Ingredients

  • 1 c. all-purpose flour
  • 1/2 tsp. salt
  • 1 c. chopped onion
  • 1 c. frozen or fresh peas
  • grated rind of 1 lemon
  • 1/2 c. cooking oil
  • 3 oz. tomato paste (1/2 can)
  • 3 lb. chicken pieces
  • 1 (28 oz.) can whole tomatoes (with juice)
  • 1 lb. diced and peeled potatoes
  • 1 Tbsp. curry powder
  • 1/4 tsp. pepper
  • 2 Tbsp. curry paste
  • juice of 1/2 lemon
  • 2 Tbsp. sugar
  • 2 c. chicken stock

Method

  • Before cooking, divide breasts and thighs in half again.
  • Mix flour with curry powder, salt and pepper.
  • Place flour mixture in paper bag and shake chicken pieces in it a few at a time.
  • Heat oil in large skillet or Dutch oven until hot but not smoking.
  • Saute chicken pieces in skillet until brown on each side.
  • Set aside.
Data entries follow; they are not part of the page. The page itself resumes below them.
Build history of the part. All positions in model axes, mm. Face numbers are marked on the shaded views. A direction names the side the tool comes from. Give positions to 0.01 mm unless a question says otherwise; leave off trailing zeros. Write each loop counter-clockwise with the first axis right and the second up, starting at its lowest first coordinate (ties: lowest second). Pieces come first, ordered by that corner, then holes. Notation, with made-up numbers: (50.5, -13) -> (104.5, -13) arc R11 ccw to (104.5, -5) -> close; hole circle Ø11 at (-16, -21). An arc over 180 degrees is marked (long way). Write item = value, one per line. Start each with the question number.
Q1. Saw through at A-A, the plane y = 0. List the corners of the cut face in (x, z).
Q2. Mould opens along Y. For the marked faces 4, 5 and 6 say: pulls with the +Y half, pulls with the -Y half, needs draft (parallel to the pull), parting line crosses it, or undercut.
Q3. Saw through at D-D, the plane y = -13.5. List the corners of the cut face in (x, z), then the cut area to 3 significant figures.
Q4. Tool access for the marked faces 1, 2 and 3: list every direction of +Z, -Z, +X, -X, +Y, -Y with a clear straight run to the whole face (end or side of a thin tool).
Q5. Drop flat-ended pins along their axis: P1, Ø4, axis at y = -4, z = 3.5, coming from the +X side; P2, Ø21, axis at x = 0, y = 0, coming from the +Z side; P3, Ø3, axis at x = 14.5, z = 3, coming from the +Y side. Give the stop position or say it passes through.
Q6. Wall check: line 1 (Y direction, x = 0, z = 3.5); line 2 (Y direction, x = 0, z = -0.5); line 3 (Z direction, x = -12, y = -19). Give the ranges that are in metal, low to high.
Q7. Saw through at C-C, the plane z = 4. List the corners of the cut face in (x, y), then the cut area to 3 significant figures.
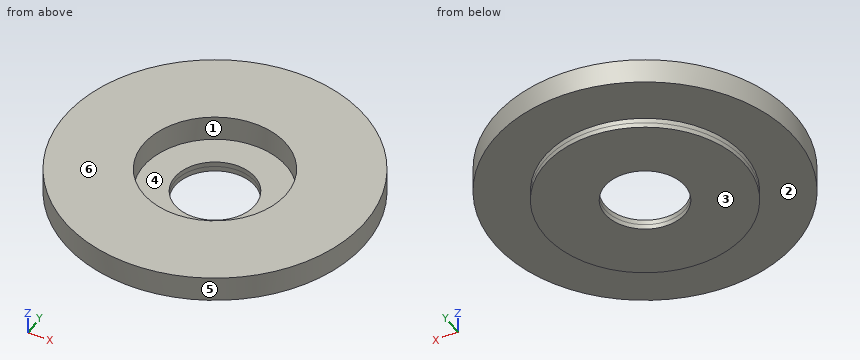
from build123d import *
from build123d.topology import SkipClean

# Parameters (mm, degrees)
SKETCH2_R           = 30
SKETCH2_R_2         = 8
BOSS_EXTRUDE1_DEPTH = 2
SKETCH3_R           = 30
SKETCH3_R_2         = 14.25
BOSS_EXTRUDE2_DEPTH = 5
CUT_EXTRUDE1_START  = -1
SKETCH5_R           = 14.25
SKETCH5_R_2         = 8
CUT_EXTRUDE1_DEPTH  = 1
SKETCH7_R           = 30
SKETCH7_R_2         = 14.25
BOSS_EXTRUDE4_DEPTH = 1
CUT_EXTRUDE3_START  = -2
SKETCH8_R           = 30
SKETCH8_R_2         = 14.25
CUT_EXTRUDE3_DEPTH  = 2
BOSS_EXTRUDE6_START = 1
SKETCH10_R          = 20
SKETCH10_R_2        = 8
BOSS_EXTRUDE6_DEPTH = 1
SKETCH11_R          = 30
SKETCH11_R_2        = 20
CUT_EXTRUDE4_DEPTH  = 1


with BuildPart() as part:
    # Sketch2 → Boss-Extrude1 (new body)
    with BuildSketch(Plane.XY):
        Circle(SKETCH2_R)
        Circle(SKETCH2_R_2, mode=Mode.SUBTRACT)
    extrude(amount=BOSS_EXTRUDE1_DEPTH)

    # Sketch3 → Boss-Extrude2 (add)
    with BuildSketch(Plane.XY.offset(2)):
        Circle(SKETCH3_R)
        Circle(SKETCH3_R_2, mode=Mode.SUBTRACT)
    extrude(amount=BOSS_EXTRUDE2_DEPTH)

    # Sketch5 → Cut-Extrude1 (cut)
    with BuildSketch(Plane.XY.offset(2).offset(CUT_EXTRUDE1_START)):
        Circle(SKETCH5_R)
        Circle(SKETCH5_R_2, mode=Mode.SUBTRACT)
    extrude(amount=CUT_EXTRUDE1_DEPTH, mode=Mode.SUBTRACT)

    # Sketch7 → Boss-Extrude4 (add)
    with BuildSketch(Plane.XY.offset(7)):
        Circle(SKETCH7_R)
        Circle(SKETCH7_R_2, mode=Mode.SUBTRACT)
    extrude(amount=BOSS_EXTRUDE4_DEPTH)

    # Sketch8 → Cut-Extrude3 (cut)
    with BuildSketch(Plane.XY.offset(8).offset(CUT_EXTRUDE3_START)):
        Circle(SKETCH8_R)
        Circle(SKETCH8_R_2, mode=Mode.SUBTRACT)
    extrude(amount=CUT_EXTRUDE3_DEPTH, mode=Mode.SUBTRACT)

    # Sketch10 → Boss-Extrude6 (add)
    with SkipClean():  # the faces are left unmerged after this step: merging them gives an invalid solid
        with BuildSketch(Plane(origin=(0, 0, 0), x_dir=(-1, 0, 0), z_dir=(0, 0, -1)).offset(BOSS_EXTRUDE6_START)):
            with Locations(Location((0, 0, 0), (0, 0, 180))):
                Circle(SKETCH10_R)
            Circle(SKETCH10_R_2, mode=Mode.SUBTRACT)
        extrude(amount=-BOSS_EXTRUDE6_DEPTH)

    # Sketch11 → Cut-Extrude4 (cut)
    with BuildSketch(Plane(origin=(0, 0, 0), x_dir=(-1, 0, 0), z_dir=(0, 0, -1))):
        Circle(SKETCH11_R)
        Circle(SKETCH11_R_2, mode=Mode.SUBTRACT)
    extrude(amount=-CUT_EXTRUDE4_DEPTH, mode=Mode.SUBTRACT)


solid = part.part
Report:
q1.outline = (-30, 1) -> (-20, 1) -> (-20, -1) -> (-8, -1) -> (-8, 1) -> (-14.25, 1) -> (-14.25, 6) -> (-30, 6) -> close; (8, -1) -> (20, -1) -> (20, 1) -> (30, 1) -> (30, 6) -> (14.25, 6) -> (14.25, 1) -> (8, 1) -> close
q2.face_4 = undercut
q2.face_5 = parting line crosses it
q2.face_6 = needs draft
q3.outline = (-26.79, 1) -> (-14.76, 1) -> (-14.76, -1) -> (14.76, -1) -> (14.76, 1) -> (26.79, 1) -> (26.79, 6) -> (4.56, 6) -> (4.56, 1) -> (-4.56, 1) -> (-4.56, 6) -> (-26.79, 6) -> close
q3.area = 281 mm2
q4.face_1 = +Z
q4.face_2 = -Z
q4.face_3 = -Z, +X, -X, +Y, -Y
q5.P1 = 29.93
q5.P2 = 1
q5.P3 = 27.04
q6.line_1 = -30 to -14.25, 14.25 to 30
q6.line_2 = -20 to -8, 8 to 20
q6.line_3 = 1 to 6
q7.outline = circle Ø60 at (0, 0); hole circle Ø28.5 at (0, 0)
q7.area = 2,190 mm2

Remove any excess fat from skillet and saute onions briefly in pan. Stir in curry paste, then add all remaining ingredients, except potatoes and peas.
  • Stir together and return chicken to pot. Simmer stew on top of stove for 1 hour on medium-high.
  • Add potatoes and simmer another 30 minutes.
  • Add peas and simmer an additional 15 minutes before serving.
  • Serves 8.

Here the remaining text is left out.